The Franchise Marketing Challenge

Franchisees face unique marketing challenges

Building a brand is an incredibly time-consuming and expensive challenge, which is just one of the reasons why franchise businesses are attractive to business owners. Buying a business with more established branding means that time and energy can be spent on operations, versus having to invest resources into brand building. Furthermore, when the menu and SOPs have already been engineered, owners can use their business acumen to focus on revenue producing activities.

Despite these advantages, it’s still no cake walk to ensure the success of your franchise. When it comes to operating a restaurant, franchisees face unique, complex challenges. In this blog post, we unpack these challenges and discuss how new technology is helping franchise operators succeed.

1. Limitations around mobile

Mobile is on everyone’s mind these days. Americans spend more time on their mobile devices than they do on their desktops and business owners want to ensure a strong mobile presence. While everyone would agree that a stand-alone branded app developed by a franchisee is clearly against franchisee rules, there are ways to participate in the mobile revolution and be compliant at the same time.

For example, new mobile loyalty platforms allow franchisees to be part of a network, without having a stand-alone presence. Like Groupon, Caviar, UberEats or Yelp, these platforms allow businesses to participate and reap the benefits, without the stand-alone presence that would break a franchisee agreement. Just like a stand-alone app, these platforms allow consumers to track progress towards loyalty rewards and allows restaurateurs to get critical customer data and feedback about the health of their business.

2. Advertising is run at the corporate level

Typically, high-level brand advertising is administered and run by the brand. In most franchise businesses the franchisee contributes an advertising fee to the brand at large, which helps pay for regional or national advertising. This type of advertising is meant to build name recognition across the brand — but it doesn’t necessarily impact YOUR store in a way that’s measurable or predictable.

So how can franchisees drum up additional sales within the context of their individual stores — and without the support of corporate? It starts with identifying your existing customer base at the store-level. By collecting customer data, you can launch personalized marketing campaigns at the store level and drive increased check size and frequency at your locations.
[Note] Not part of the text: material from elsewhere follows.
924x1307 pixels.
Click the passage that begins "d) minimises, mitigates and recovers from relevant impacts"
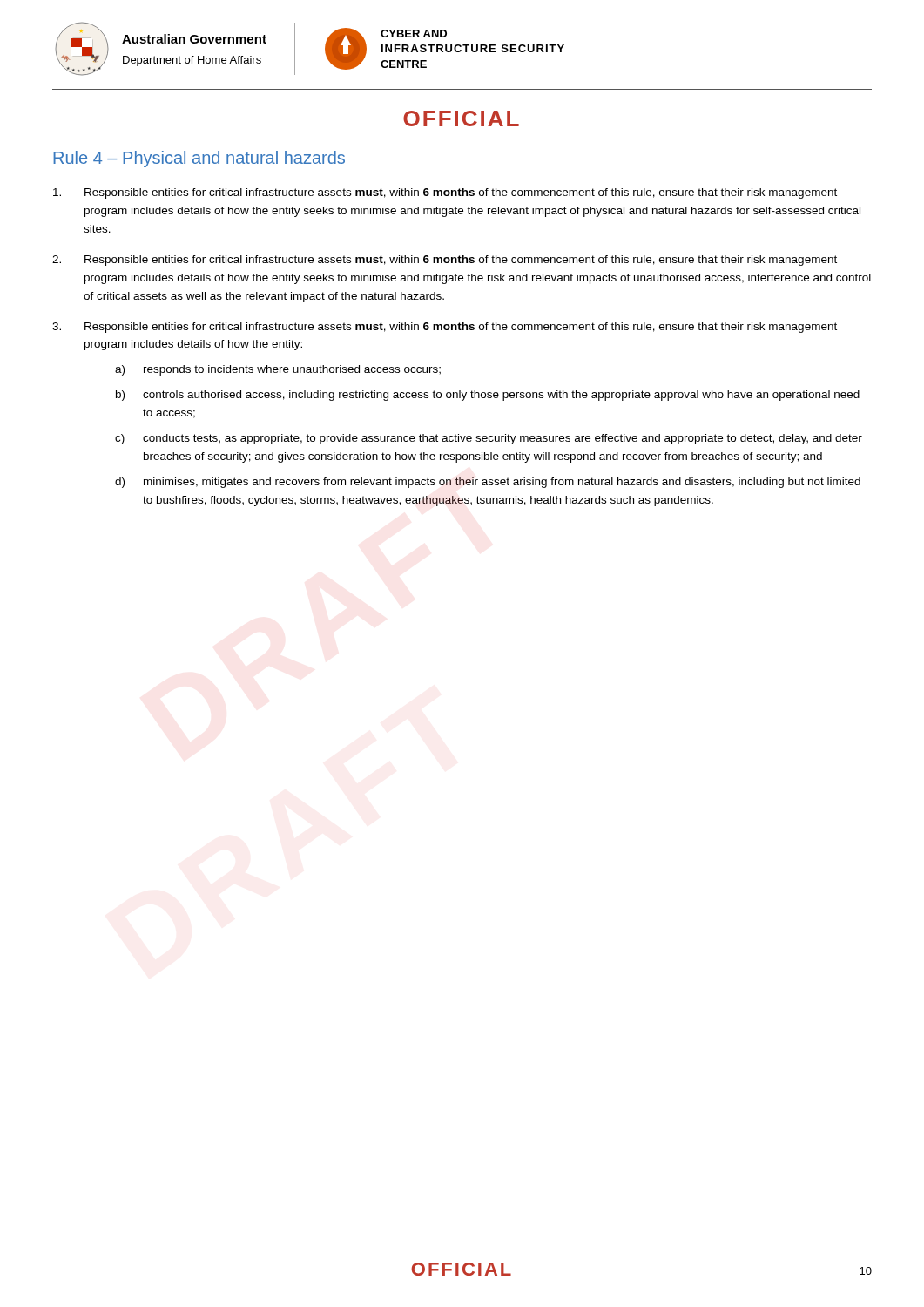pyautogui.click(x=493, y=491)

The best (and easiest) way to do this successfully is by collecting transaction data whenever customers make a purchase with you — enrolling customers in an app-based loyalty program makes it simple.

3. POS Challenges

Franchisee owners often juggle multiple POS systems, which makes it hard to find unity when it comes to data collection… meaning the data you are collecting within the POS isn’t being used. That’s why franchisees are moving away from POS-based data and getting their customer data from the cloud. One of the reasons why your data collection should skip the POS is because extracting and consolidating data from multiple sources is prohibitively expensive and time-consuming — most restaurant operators don’t want to do this on a consistent basis.

With a loyalty program that grabs data directly from customers’ preferred method of payment and stores it in the cloud, franchisees can access and act on data without having to untangle it from disparate and clunky POS systems (or hire data scientists to interpret it).

4. Consumer needs

Keeping tabs on customer sentiment is a good way to take a pulse check of your business… but it’s hard to do that meaningfully at the individual store level. However, when franchisees implement a mobile loyalty application that pulls data from transactions, customers can be asked about their experience right when it happens — immediately after the transaction (learn more about Net Promoter Score at Thanx here) Franchisees who run multiple locations across one or many brands can get real-time information about things that their individual stores are doing well (or not so well).

Ultimately, franchisees must look to new technology to help them gather and make use of customer data to drive incremental sales at the store level. Cloud-based data, generated from a customer-facing loyalty app, is the type of technology that takes the marketing challenges of being a franchisee head-on.